By the early 1970s, forward-thinking communities throughout the United States used wastewater treatment plant effluents for municipal irrigation of median strips, city-owned golf-courses and walking trails, open space, and public landscaping. In some communities, the treated water was also used for public education and informational purposes, to educate citizens about the need for better programs to preserve resources and the environment. One resourceful north Dallas suburb at the time even led school classes on tours of the community’s water treatment facility, creating quite a stir by offering coffee and lemonade made with purified and treated reclaimed water! It was a memorable tour!
A decade and a half later, in 1987, a seven-year demonstration study was concluded in Castroville, California that used a secondary biological treating that included coagulation, filtration and disinfection to show that the final effluent met California’s quality standard for food crops intended to be consumed raw. The results concluded that “no pathogenic organisms [were detected] in the treated effluent,” and that soil permeability was not adversely affected. Nor was there any adverse effect on crop yield, quality or shelf life.
In semi-arid Western states, it was concluded that such use of treatment wastewater effluents is of major beneficial impact for irrigation, and that the quality range of such effluents is well within accepted crop irrigation standards.
On the other hand, the economic viability of such efforts is not as clear, because the bulk of sewage created in this country is not in areas of high agricultural production. So, as safe and viable as it may be to reuse liquid effluent and treated sludge for agricultural production, it is not likely to become a major application for either liquid or solid treated waste.

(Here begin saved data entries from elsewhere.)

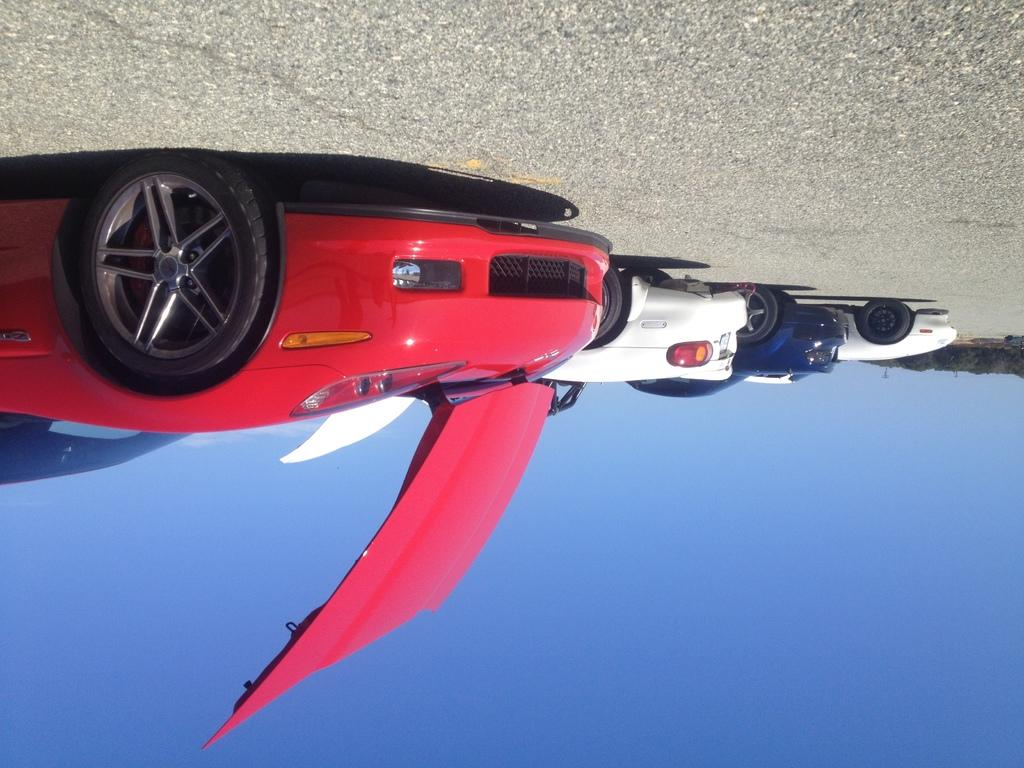What is the main subject of the image? The main subject of the image is a road. What can be seen on the road? There are different cars on the road. What type of natural scenery is visible in the background? There are trees visible in the background. What is visible at the top of the image? The sky is visible at the top of the image. What type of cracker is being used to calculate arithmetic problems in the image? There is no cracker or arithmetic problem present in the image; it depicts a road with cars and trees in the background. 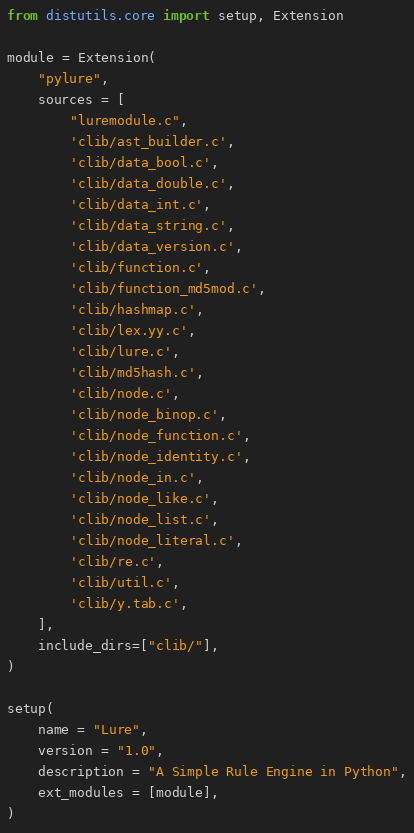<code> <loc_0><loc_0><loc_500><loc_500><_Python_>from distutils.core import setup, Extension

module = Extension(
    "pylure", 
    sources = [
        "luremodule.c",
        'clib/ast_builder.c',
        'clib/data_bool.c',
        'clib/data_double.c',
        'clib/data_int.c',
        'clib/data_string.c',
        'clib/data_version.c',
        'clib/function.c',
        'clib/function_md5mod.c',
        'clib/hashmap.c',
        'clib/lex.yy.c',
        'clib/lure.c',
        'clib/md5hash.c',
        'clib/node.c',
        'clib/node_binop.c',
        'clib/node_function.c',
        'clib/node_identity.c',
        'clib/node_in.c',
        'clib/node_like.c',
        'clib/node_list.c',
        'clib/node_literal.c',
        'clib/re.c',
        'clib/util.c',
        'clib/y.tab.c',
    ],
    include_dirs=["clib/"],
)

setup(
    name = "Lure",
    version = "1.0",
    description = "A Simple Rule Engine in Python",
    ext_modules = [module],
)</code> 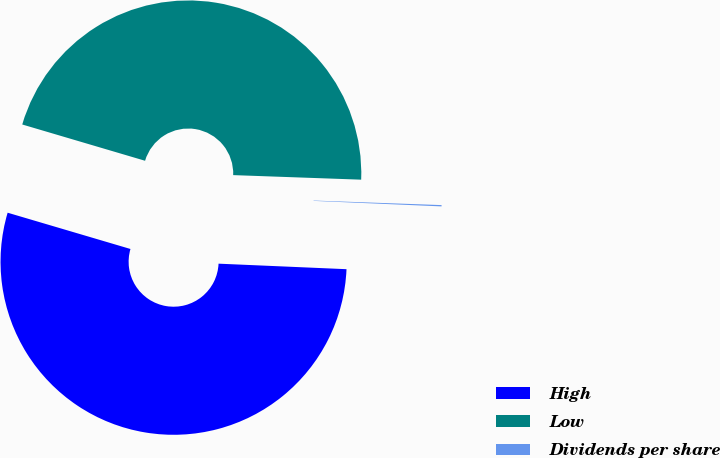Convert chart. <chart><loc_0><loc_0><loc_500><loc_500><pie_chart><fcel>High<fcel>Low<fcel>Dividends per share<nl><fcel>53.89%<fcel>46.0%<fcel>0.12%<nl></chart>

Sewage Sludge or Biosolids
A new term – Biosolids – is now used by the wastewater treatment industry to describe sewage sludge that has been sufficiently treated to stabilize and reduce pathogens so that is of sufficient quality to be used for land application. That distinguishes it from raw sewage sludge or from compacted sludge that still is loaded with environmental pollutants.
It also helps to distinguish sewage sludge from industrial sludge because it emphasizes that it is produced through biological processes. According to wastewater treatment officials, it is not used to mislead the public, but rather as a scientific term to refer to treated sewage sludge that is deemed to be safe to use for other purposes, including as fertilizer for agriculture, horticulture and landscaping.
Sewage, also known as municipal wastewater, refers to water that is used in urban and suburban homes and businesses for washing, bathing and flushing toilets. It may also includer water from some industrial sources, but that water generally must be pre-treated to remove toxic chemicals and other pollutants before it is released into a sewer system.